==== INFORMATION PROVIDED

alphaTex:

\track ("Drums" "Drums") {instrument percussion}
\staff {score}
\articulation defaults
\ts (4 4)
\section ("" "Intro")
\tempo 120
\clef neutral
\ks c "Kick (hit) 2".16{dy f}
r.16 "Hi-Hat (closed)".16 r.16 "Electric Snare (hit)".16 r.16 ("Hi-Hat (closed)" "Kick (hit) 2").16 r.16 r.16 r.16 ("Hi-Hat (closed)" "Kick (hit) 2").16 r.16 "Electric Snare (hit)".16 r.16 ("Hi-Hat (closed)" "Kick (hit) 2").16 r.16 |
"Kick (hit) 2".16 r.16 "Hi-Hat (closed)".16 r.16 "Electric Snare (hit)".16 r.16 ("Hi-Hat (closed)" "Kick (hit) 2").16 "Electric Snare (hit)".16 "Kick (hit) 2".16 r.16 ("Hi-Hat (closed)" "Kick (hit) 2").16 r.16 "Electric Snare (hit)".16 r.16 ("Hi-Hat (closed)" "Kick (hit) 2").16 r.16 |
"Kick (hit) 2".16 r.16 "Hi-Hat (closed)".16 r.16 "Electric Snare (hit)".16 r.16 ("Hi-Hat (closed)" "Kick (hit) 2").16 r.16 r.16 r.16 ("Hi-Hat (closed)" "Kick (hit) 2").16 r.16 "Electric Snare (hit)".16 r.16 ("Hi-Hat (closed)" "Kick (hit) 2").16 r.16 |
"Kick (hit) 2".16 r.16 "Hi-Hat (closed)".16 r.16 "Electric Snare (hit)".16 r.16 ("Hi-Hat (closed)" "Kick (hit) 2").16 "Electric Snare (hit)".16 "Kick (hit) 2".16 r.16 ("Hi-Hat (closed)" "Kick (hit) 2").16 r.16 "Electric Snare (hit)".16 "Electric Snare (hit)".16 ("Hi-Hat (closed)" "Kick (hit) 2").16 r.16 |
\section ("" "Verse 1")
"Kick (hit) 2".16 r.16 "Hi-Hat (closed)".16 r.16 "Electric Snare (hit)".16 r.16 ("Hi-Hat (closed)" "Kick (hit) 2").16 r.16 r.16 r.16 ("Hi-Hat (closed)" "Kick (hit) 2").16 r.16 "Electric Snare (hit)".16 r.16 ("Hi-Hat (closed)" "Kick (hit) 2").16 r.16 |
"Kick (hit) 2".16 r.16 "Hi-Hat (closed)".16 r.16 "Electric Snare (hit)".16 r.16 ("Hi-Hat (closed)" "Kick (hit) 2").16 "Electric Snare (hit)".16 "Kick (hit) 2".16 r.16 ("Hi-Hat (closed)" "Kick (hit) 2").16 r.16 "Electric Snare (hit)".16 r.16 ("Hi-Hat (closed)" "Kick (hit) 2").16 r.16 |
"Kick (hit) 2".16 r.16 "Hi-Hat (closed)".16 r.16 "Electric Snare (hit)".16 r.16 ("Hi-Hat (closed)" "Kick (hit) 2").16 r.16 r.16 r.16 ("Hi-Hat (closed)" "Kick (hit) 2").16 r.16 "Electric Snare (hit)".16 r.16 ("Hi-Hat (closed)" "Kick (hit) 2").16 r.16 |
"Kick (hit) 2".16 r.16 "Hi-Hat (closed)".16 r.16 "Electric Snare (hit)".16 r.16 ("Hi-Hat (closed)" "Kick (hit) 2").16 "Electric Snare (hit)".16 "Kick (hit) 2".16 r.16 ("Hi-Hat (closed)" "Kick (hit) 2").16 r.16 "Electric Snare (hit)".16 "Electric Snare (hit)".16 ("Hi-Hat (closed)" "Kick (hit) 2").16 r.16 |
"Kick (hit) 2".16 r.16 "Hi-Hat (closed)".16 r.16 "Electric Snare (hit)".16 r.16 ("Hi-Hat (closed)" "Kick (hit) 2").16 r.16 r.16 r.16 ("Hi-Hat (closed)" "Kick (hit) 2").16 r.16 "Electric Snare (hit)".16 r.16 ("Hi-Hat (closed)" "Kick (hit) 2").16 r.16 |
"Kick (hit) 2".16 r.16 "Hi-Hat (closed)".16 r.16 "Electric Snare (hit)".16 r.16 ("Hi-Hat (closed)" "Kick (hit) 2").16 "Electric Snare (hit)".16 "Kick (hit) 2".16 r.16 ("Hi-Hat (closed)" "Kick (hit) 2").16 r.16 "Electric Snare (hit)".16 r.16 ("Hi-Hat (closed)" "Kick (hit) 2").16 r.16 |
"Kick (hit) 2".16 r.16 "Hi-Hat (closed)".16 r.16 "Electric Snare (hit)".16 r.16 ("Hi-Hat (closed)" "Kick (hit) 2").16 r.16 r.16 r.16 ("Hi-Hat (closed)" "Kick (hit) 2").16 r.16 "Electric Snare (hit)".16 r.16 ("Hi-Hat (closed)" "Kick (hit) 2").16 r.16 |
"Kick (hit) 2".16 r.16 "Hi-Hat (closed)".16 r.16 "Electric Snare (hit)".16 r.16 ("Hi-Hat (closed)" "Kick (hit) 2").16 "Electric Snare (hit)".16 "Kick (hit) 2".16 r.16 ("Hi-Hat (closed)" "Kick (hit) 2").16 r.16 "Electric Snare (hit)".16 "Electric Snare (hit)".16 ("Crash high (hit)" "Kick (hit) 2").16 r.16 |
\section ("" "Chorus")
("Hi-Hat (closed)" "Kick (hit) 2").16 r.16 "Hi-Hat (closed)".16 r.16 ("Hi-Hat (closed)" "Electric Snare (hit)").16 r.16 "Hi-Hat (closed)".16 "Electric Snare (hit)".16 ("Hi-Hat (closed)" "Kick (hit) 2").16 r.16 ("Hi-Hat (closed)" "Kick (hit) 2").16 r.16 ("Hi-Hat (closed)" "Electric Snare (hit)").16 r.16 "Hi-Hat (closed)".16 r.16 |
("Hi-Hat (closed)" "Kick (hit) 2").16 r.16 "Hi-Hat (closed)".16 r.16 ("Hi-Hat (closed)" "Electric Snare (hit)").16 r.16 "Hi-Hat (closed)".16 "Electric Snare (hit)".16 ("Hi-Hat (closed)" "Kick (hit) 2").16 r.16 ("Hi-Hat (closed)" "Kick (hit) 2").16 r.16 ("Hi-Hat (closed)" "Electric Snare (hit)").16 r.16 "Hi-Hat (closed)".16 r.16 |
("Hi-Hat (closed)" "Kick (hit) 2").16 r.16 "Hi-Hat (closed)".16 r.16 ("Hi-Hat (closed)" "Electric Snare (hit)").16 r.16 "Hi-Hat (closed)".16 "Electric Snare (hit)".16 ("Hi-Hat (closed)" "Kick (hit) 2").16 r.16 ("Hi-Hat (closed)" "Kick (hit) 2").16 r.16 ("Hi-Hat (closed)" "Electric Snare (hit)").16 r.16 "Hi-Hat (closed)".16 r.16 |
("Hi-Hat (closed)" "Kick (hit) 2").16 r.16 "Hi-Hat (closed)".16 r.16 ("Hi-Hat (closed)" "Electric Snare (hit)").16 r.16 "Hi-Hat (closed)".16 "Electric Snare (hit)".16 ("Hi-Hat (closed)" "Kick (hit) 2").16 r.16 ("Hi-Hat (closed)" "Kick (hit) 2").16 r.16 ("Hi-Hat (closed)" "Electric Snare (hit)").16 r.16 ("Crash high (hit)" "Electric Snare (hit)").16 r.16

========

▸ PROBLEM: Restate the material above word for word, leaving nothing out.

▸ RESPONSE:
alphaTex:

\track ("Drums" "Drums") {instrument percussion}
\staff {score}
\articulation defaults
\ts (4 4)
\section ("" "Intro")
\tempo 120
\clef neutral
\ks c "Kick (hit) 2".16{dy f}
r.16 "Hi-Hat (closed)".16 r.16 "Electric Snare (hit)".16 r.16 ("Hi-Hat (closed)" "Kick (hit) 2").16 r.16 r.16 r.16 ("Hi-Hat (closed)" "Kick (hit) 2").16 r.16 "Electric Snare (hit)".16 r.16 ("Hi-Hat (closed)" "Kick (hit) 2").16 r.16 |
"Kick (hit) 2".16 r.16 "Hi-Hat (closed)".16 r.16 "Electric Snare (hit)".16 r.16 ("Hi-Hat (closed)" "Kick (hit) 2").16 "Electric Snare (hit)".16 "Kick (hit) 2".16 r.16 ("Hi-Hat (closed)" "Kick (hit) 2").16 r.16 "Electric Snare (hit)".16 r.16 ("Hi-Hat (closed)" "Kick (hit) 2").16 r.16 |
"Kick (hit) 2".16 r.16 "Hi-Hat (closed)".16 r.16 "Electric Snare (hit)".16 r.16 ("Hi-Hat (closed)" "Kick (hit) 2").16 r.16 r.16 r.16 ("Hi-Hat (closed)" "Kick (hit) 2").16 r.16 "Electric Snare (hit)".16 r.16 ("Hi-Hat (closed)" "Kick (hit) 2").16 r.16 |
"Kick (hit) 2".16 r.16 "Hi-Hat (closed)".16 r.16 "Electric Snare (hit)".16 r.16 ("Hi-Hat (closed)" "Kick (hit) 2").16 "Electric Snare (hit)".16 "Kick (hit) 2".16 r.16 ("Hi-Hat (closed)" "Kick (hit) 2").16 r.16 "Electric Snare (hit)".16 "Electric Snare (hit)".16 ("Hi-Hat (closed)" "Kick (hit) 2").16 r.16 |
\section ("" "Verse 1")
"Kick (hit) 2".16 r.16 "Hi-Hat (closed)".16 r.16 "Electric Snare (hit)".16 r.16 ("Hi-Hat (closed)" "Kick (hit) 2").16 r.16 r.16 r.16 ("Hi-Hat (closed)" "Kick (hit) 2").16 r.16 "Electric Snare (hit)".16 r.16 ("Hi-Hat (closed)" "Kick (hit) 2").16 r.16 |
"Kick (hit) 2".16 r.16 "Hi-Hat (closed)".16 r.16 "Electric Snare (hit)".16 r.16 ("Hi-Hat (closed)" "Kick (hit) 2").16 "Electric Snare (hit)".16 "Kick (hit) 2".16 r.16 ("Hi-Hat (closed)" "Kick (hit) 2").16 r.16 "Electric Snare (hit)".16 r.16 ("Hi-Hat (closed)" "Kick (hit) 2").16 r.16 |
"Kick (hit) 2".16 r.16 "Hi-Hat (closed)".16 r.16 "Electric Snare (hit)".16 r.16 ("Hi-Hat (closed)" "Kick (hit) 2").16 r.16 r.16 r.16 ("Hi-Hat (closed)" "Kick (hit) 2").16 r.16 "Electric Snare (hit)".16 r.16 ("Hi-Hat (closed)" "Kick (hit) 2").16 r.16 |
"Kick (hit) 2".16 r.16 "Hi-Hat (closed)".16 r.16 "Electric Snare (hit)".16 r.16 ("Hi-Hat (closed)" "Kick (hit) 2").16 "Electric Snare (hit)".16 "Kick (hit) 2".16 r.16 ("Hi-Hat (closed)" "Kick (hit) 2").16 r.16 "Electric Snare (hit)".16 "Electric Snare (hit)".16 ("Hi-Hat (closed)" "Kick (hit) 2").16 r.16 |
"Kick (hit) 2".16 r.16 "Hi-Hat (closed)".16 r.16 "Electric Snare (hit)".16 r.16 ("Hi-Hat (closed)" "Kick (hit) 2").16 r.16 r.16 r.16 ("Hi-Hat (closed)" "Kick (hit) 2").16 r.16 "Electric Snare (hit)".16 r.16 ("Hi-Hat (closed)" "Kick (hit) 2").16 r.16 |
"Kick (hit) 2".16 r.16 "Hi-Hat (closed)".16 r.16 "Electric Snare (hit)".16 r.16 ("Hi-Hat (closed)" "Kick (hit) 2").16 "Electric Snare (hit)".16 "Kick (hit) 2".16 r.16 ("Hi-Hat (closed)" "Kick (hit) 2").16 r.16 "Electric Snare (hit)".16 r.16 ("Hi-Hat (closed)" "Kick (hit) 2").16 r.16 |
"Kick (hit) 2".16 r.16 "Hi-Hat (closed)".16 r.16 "Electric Snare (hit)".16 r.16 ("Hi-Hat (closed)" "Kick (hit) 2").16 r.16 r.16 r.16 ("Hi-Hat (closed)" "Kick (hit) 2").16 r.16 "Electric Snare (hit)".16 r.16 ("Hi-Hat (closed)" "Kick (hit) 2").16 r.16 |
"Kick (hit) 2".16 r.16 "Hi-Hat (closed)".16 r.16 "Electric Snare (hit)".16 r.16 ("Hi-Hat (closed)" "Kick (hit) 2").16 "Electric Snare (hit)".16 "Kick (hit) 2".16 r.16 ("Hi-Hat (closed)" "Kick (hit) 2").16 r.16 "Electric Snare (hit)".16 "Electric Snare (hit)".16 ("Crash high (hit)" "Kick (hit) 2").16 r.16 |
\section ("" "Chorus")
("Hi-Hat (closed)" "Kick (hit) 2").16 r.16 "Hi-Hat (closed)".16 r.16 ("Hi-Hat (closed)" "Electric Snare (hit)").16 r.16 "Hi-Hat (closed)".16 "Electric Snare (hit)".16 ("Hi-Hat (closed)" "Kick (hit) 2").16 r.16 ("Hi-Hat (closed)" "Kick (hit) 2").16 r.16 ("Hi-Hat (closed)" "Electric Snare (hit)").16 r.16 "Hi-Hat (closed)".16 r.16 |
("Hi-Hat (closed)" "Kick (hit) 2").16 r.16 "Hi-Hat (closed)".16 r.16 ("Hi-Hat (closed)" "Electric Snare (hit)").16 r.16 "Hi-Hat (closed)".16 "Electric Snare (hit)".16 ("Hi-Hat (closed)" "Kick (hit) 2").16 r.16 ("Hi-Hat (closed)" "Kick (hit) 2").16 r.16 ("Hi-Hat (closed)" "Electric Snare (hit)").16 r.16 "Hi-Hat (closed)".16 r.16 |
("Hi-Hat (closed)" "Kick (hit) 2").16 r.16 "Hi-Hat (closed)".16 r.16 ("Hi-Hat (closed)" "Electric Snare (hit)").16 r.16 "Hi-Hat (closed)".16 "Electric Snare (hit)".16 ("Hi-Hat (closed)" "Kick (hit) 2").16 r.16 ("Hi-Hat (closed)" "Kick (hit) 2").16 r.16 ("Hi-Hat (closed)" "Electric Snare (hit)").16 r.16 "Hi-Hat (closed)".16 r.16 |
("Hi-Hat (closed)" "Kick (hit) 2").16 r.16 "Hi-Hat (closed)".16 r.16 ("Hi-Hat (closed)" "Electric Snare (hit)").16 r.16 "Hi-Hat (closed)".16 "Electric Snare (hit)".16 ("Hi-Hat (closed)" "Kick (hit) 2").16 r.16 ("Hi-Hat (closed)" "Kick (hit) 2").16 r.16 ("Hi-Hat (closed)" "Electric Snare (hit)").16 r.16 ("Crash high (hit)" "Electric Snare (hit)").16 r.16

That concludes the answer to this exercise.